The best area for life on Mars was miles below the surface


A vertically exaggerated, false-colored view of a large, water-carved channel on Mars, called the Dow Wallis. Credit: ESA / DLR / FU Berlin, CC BY-SA 3.0 IGO. 3D sung and painted by Luzendra Ojha

The new study highlights the subsurface melting of ice billions of years ago.

Most habitable area for life Mars It would have been several miles below the surface, probably due to the subsurface melting of a thick ice sheet thickened by geothermal heat, a Rutgers-led study concludes.

The study, published in the journal Science advance, An important question in the science of Mars – what may be known as the unconscious young sun paradox can help resolve this.

“Even though greenhouse gases such as carbon dioxide and water vapor were pumped into early Martian environments in computer simulations, climate models still struggle to support long-term hot and wet Mars,” lead author Luzendra Ojha, An assistant professor in the department said. Earth and Planetary Sciences at the School of Arts and Sciences at Rutgers University-New Brunswick “I and my co-authors propose that the faint young sun paradox can be assimilated, at least partially, if higher in Mars’ past It was geothermal heat. “

Our sun is a large-scale nuclear fusion reactor that produces energy by fusing hydrogen into helium. Over time, the Sun has gradually brightened and warmed the surface of the planets in our solar system. About 4 billion years ago, the sun was extremely fierce, so the climate of early Mars must have been cold. However, the surface of Mars has many geological indicators, such as ancient riverbeds, and chemical indicators, such as water-related minerals, which suggest that the red planet abounded in about 4.1 billion to 3.7 billion years ago (Noachian age).

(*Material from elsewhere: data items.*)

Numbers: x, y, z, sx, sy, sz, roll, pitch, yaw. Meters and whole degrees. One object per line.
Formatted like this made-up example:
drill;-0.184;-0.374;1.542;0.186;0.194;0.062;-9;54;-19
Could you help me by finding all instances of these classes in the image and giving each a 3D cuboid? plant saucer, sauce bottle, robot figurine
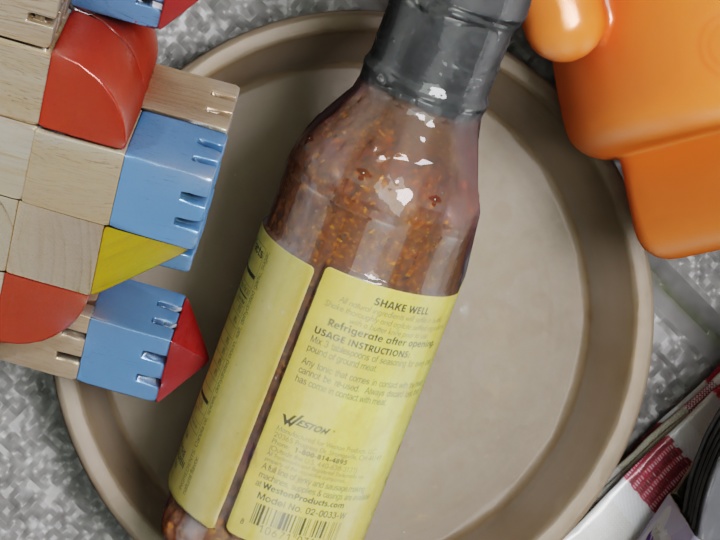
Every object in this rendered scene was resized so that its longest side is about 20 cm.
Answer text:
plant saucer;-0.003;0.016;0.849;0.200;0.029;0.200;-1;93;-13
sauce bottle;0.000;0.000;0.778;0.066;0.066;0.200;19;106;-14
robot figurine;0.112;-0.107;0.818;0.144;0.117;0.200;-10;87;0

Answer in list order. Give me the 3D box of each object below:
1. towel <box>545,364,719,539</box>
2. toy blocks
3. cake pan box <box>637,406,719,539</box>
towel;0.129;0.119;0.892;0.200;0.023;0.144;-43;104;-6
toy blocks;-0.098;-0.035;0.746;0.137;0.100;0.200;15;124;-2
cake pan box;0.200;0.087;0.852;0.200;0.052;0.184;31;99;-14
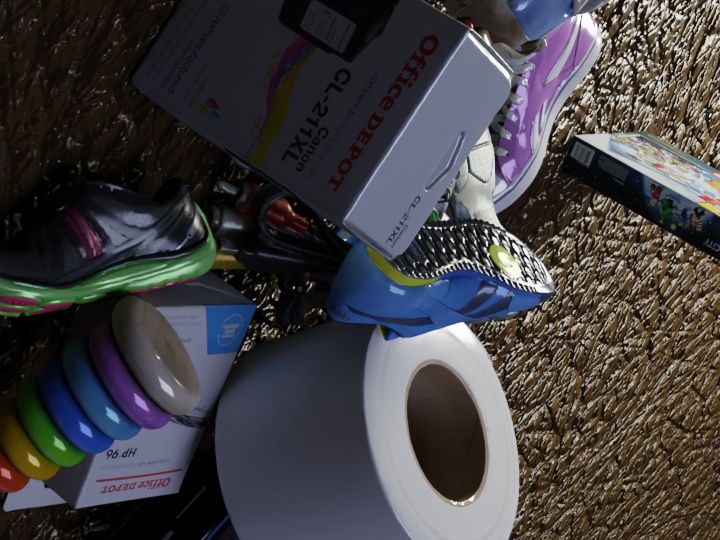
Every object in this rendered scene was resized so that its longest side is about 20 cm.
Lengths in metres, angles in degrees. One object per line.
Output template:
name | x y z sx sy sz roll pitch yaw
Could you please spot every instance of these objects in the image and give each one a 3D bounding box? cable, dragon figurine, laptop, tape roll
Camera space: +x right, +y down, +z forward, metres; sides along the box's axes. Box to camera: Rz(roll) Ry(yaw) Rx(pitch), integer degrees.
cable | -0.030 -0.022 1.405 0.198 0.051 0.097 11 130 -33
dragon figurine | 0.000 0.000 1.532 0.200 0.099 0.059 -42 151 -61
laptop | -0.147 0.237 1.498 0.177 0.200 0.103 -48 112 -16
tape roll | 0.008 0.133 1.421 0.202 0.138 0.205 29 53 -46

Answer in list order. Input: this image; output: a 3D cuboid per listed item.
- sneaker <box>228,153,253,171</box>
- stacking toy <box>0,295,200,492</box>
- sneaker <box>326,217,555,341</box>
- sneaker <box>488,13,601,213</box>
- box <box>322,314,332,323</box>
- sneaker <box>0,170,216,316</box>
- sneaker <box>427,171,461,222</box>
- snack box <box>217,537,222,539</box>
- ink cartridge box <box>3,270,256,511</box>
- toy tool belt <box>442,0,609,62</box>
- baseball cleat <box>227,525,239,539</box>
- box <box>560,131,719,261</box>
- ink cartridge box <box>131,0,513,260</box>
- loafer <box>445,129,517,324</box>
sneaker | -0.016 -0.085 1.409 0.200 0.080 0.147 -41 142 -36
stacking toy | -0.205 0.103 1.267 0.199 0.086 0.085 -33 150 9
sneaker | 0.055 0.011 1.358 0.199 0.066 0.079 2 136 -47
sneaker | 0.115 -0.148 1.559 0.202 0.072 0.114 -62 148 -12
box | 0.004 0.143 1.575 0.048 0.158 0.201 12 108 -58
sneaker | -0.188 -0.019 1.248 0.199 0.076 0.085 -11 87 -39
sneaker | 0.042 -0.053 1.377 0.085 0.078 0.200 -34 158 2
snack box | -0.077 0.324 1.583 0.117 0.199 0.037 -51 152 -7
ink cartridge box | -0.165 0.097 1.377 0.116 0.068 0.202 -1 119 -55
toy tool belt | 0.101 -0.229 1.431 0.200 0.124 0.124 -37 111 -41
baseball cleat | -0.097 0.273 1.542 0.201 0.106 0.070 -53 165 13
box | 0.299 -0.066 1.763 0.136 0.199 0.038 -6 123 -52
ink cartridge box | -0.025 -0.123 1.242 0.146 0.199 0.083 -56 150 -1
loafer | 0.071 -0.055 1.520 0.072 0.063 0.202 -11 86 -52
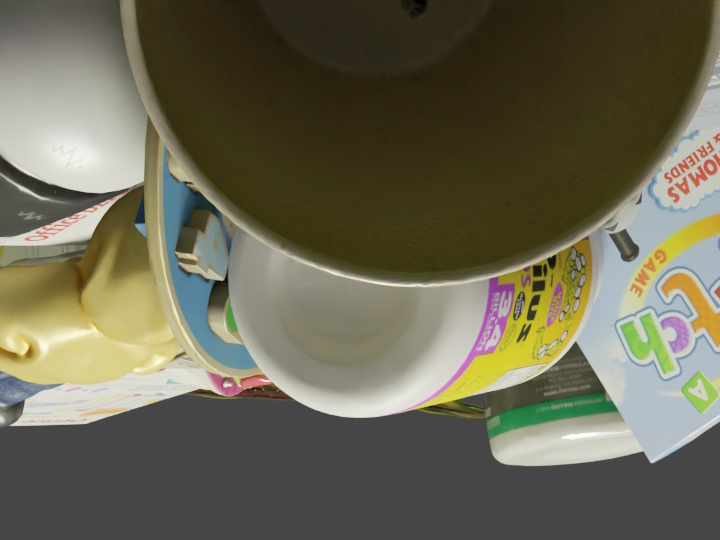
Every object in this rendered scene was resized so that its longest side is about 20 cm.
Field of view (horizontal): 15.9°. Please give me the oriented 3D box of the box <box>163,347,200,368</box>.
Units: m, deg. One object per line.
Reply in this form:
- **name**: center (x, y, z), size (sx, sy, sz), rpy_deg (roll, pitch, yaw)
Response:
- **box**: center (0.000, 0.000, 1.203), size (0.199, 0.083, 0.068), rpy_deg (1, 164, -31)

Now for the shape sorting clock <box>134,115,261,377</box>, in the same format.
- **shape sorting clock**: center (-0.034, -0.057, 1.024), size (0.039, 0.202, 0.200), rpy_deg (10, 174, 18)

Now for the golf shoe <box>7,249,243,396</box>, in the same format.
- **golf shoe**: center (-0.111, 0.020, 1.336), size (0.091, 0.076, 0.200), rpy_deg (8, 174, 23)

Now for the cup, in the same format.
- **cup**: center (0.013, -0.107, 0.890), size (0.199, 0.202, 0.143), rpy_deg (-6, -167, -6)

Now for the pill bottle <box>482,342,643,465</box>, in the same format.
- **pill bottle**: center (0.111, -0.004, 1.365), size (0.112, 0.202, 0.113), rpy_deg (-7, 169, -1)

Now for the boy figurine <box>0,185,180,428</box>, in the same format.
- **boy figurine**: center (-0.132, 0.017, 1.113), size (0.124, 0.065, 0.200), rpy_deg (12, 156, -34)

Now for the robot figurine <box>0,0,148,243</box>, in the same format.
- **robot figurine**: center (-0.147, -0.078, 1.044), size (0.199, 0.126, 0.150), rpy_deg (-19, -172, 45)

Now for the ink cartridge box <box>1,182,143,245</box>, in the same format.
- **ink cartridge box**: center (-0.072, -0.066, 1.242), size (0.199, 0.086, 0.145), rpy_deg (2, 166, -31)

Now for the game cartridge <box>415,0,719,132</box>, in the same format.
- **game cartridge**: center (0.102, -0.088, 1.009), size (0.199, 0.041, 0.133), rpy_deg (-9, 157, 35)

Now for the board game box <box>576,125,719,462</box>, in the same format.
- **board game box**: center (0.131, -0.040, 1.107), size (0.151, 0.201, 0.037), rpy_deg (-39, 169, 37)

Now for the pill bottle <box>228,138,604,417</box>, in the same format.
- **pill bottle**: center (0.033, -0.001, 1.032), size (0.104, 0.105, 0.200), rpy_deg (-12, 178, 23)

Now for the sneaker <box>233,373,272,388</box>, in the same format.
- **sneaker**: center (-0.013, 0.027, 1.303), size (0.078, 0.091, 0.199), rpy_deg (-18, 168, 36)

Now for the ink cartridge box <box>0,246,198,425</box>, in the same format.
- **ink cartridge box**: center (-0.169, 0.016, 1.478), size (0.128, 0.126, 0.199), rpy_deg (3, 165, -42)
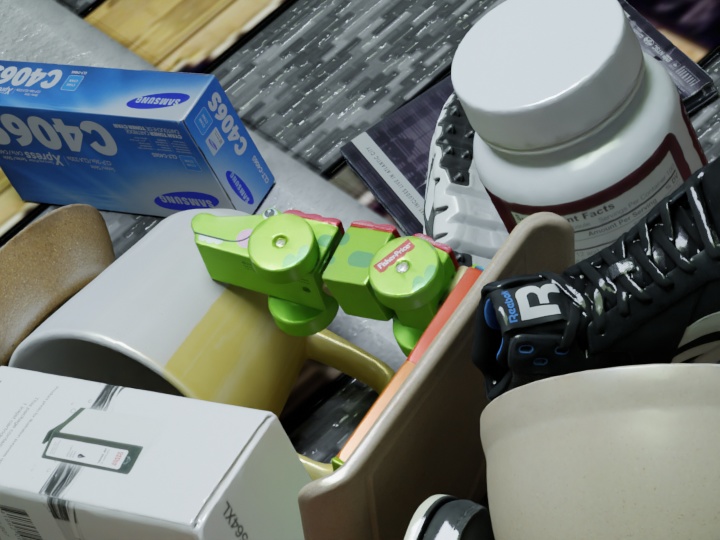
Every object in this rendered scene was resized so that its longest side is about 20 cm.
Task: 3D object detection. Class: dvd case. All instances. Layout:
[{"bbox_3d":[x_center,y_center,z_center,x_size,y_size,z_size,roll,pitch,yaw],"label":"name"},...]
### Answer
[{"bbox_3d":[0.100,-0.090,1.656,0.199,0.016,0.149,-33,40,-5],"label":"dvd case"}]

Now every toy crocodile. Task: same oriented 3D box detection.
[{"bbox_3d":[0.000,0.000,1.451,0.199,0.068,0.062,12,59,27],"label":"toy crocodile"}]

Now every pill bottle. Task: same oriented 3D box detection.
[{"bbox_3d":[0.127,-0.046,1.442,0.113,0.201,0.115,-17,39,15],"label":"pill bottle"}]

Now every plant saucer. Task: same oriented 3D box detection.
[{"bbox_3d":[-0.198,0.055,1.576,0.035,0.201,0.200,34,67,15],"label":"plant saucer"}]

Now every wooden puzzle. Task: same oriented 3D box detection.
[{"bbox_3d":[0.038,0.083,1.375,0.037,0.186,0.200,31,64,23],"label":"wooden puzzle"}]

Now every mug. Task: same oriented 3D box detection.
[{"bbox_3d":[-0.085,0.057,1.547,0.149,0.186,0.153,-37,13,49],"label":"mug"}]

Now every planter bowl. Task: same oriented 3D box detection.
[{"bbox_3d":[0.154,0.134,1.257,0.199,0.200,0.136,-8,69,26],"label":"planter bowl"}]

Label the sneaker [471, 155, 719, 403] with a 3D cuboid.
[{"bbox_3d":[0.121,0.010,1.254,0.200,0.111,0.073,-57,40,40],"label":"sneaker"}]

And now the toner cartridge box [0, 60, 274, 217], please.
[{"bbox_3d":[-0.159,-0.084,1.752,0.199,0.095,0.043,7,52,38],"label":"toner cartridge box"}]

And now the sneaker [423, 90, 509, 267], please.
[{"bbox_3d":[0.059,-0.020,1.545,0.066,0.091,0.201,15,52,-13],"label":"sneaker"}]

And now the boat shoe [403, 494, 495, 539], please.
[{"bbox_3d":[0.050,0.205,1.272,0.063,0.073,0.203,-7,73,38],"label":"boat shoe"}]

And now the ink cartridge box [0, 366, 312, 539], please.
[{"bbox_3d":[-0.111,0.138,1.437,0.199,0.146,0.084,7,49,37],"label":"ink cartridge box"}]

The amount of liquid was water. This apparent contradiction between the geological record and the climate model is the faint young sun paradox.

On rocky planets like Mars, Earth, Venus And heat-generating elements such as mercury, uranium, thorium, and potassium generate heat through radioactive decay. In such a scenario, liquid water can be generated through melting at the bottom of thick ice sheets, even though the sun was still faint. For example, on Earth, geothermal heat forms the West Antarctic ice sheet, subglacial lakes in areas of Greenland and the Canadian Arctic. There is a possibility that a similar melting may help explain the presence of liquid water on Mars 4 billion years ago.

Scientists investigated various Mars datasets to determine whether heating through geothermal heat would be possible in the Noachian era. He showed that the conditions required to melt the subsurface must have been omnipresent on ancient Mars. Even though Mars had a hot and wet climate 4 billion years ago, liquid water can only freeze at great depths, with magnetic fields, atmospheric thinness and subsequent global temperature declines. Therefore, life, if it ever originated on Mars, can follow progressively more liquid water.

“At such depths, life could be sustained by hydrothermal (heating) activity and rock-water reactions,” said Ojha. “So, the subsurface may represent the longest habitable environment on Mars.”

NASAAccording to Ojha, the Mars Insight spacecraft landed in 2018 and may allow scientists to better assess the role of geothermal heat in the habitat of Mars during the Noachian era.

Reference: “Implications for Groundwater Production and Early Martyr Habitat from Geological Heat on the Early Mars” by Luzendra Ojha, Jacob Buffo, Suniti Karunatilake and Matthew Siegler, 2 December 2020, Science advance.
DOI: 10.1126 / Sciadv.abb1669

Scientists from Dartmouth College, Louisiana State University and the Institute of Planetary Sciences contributed to the study.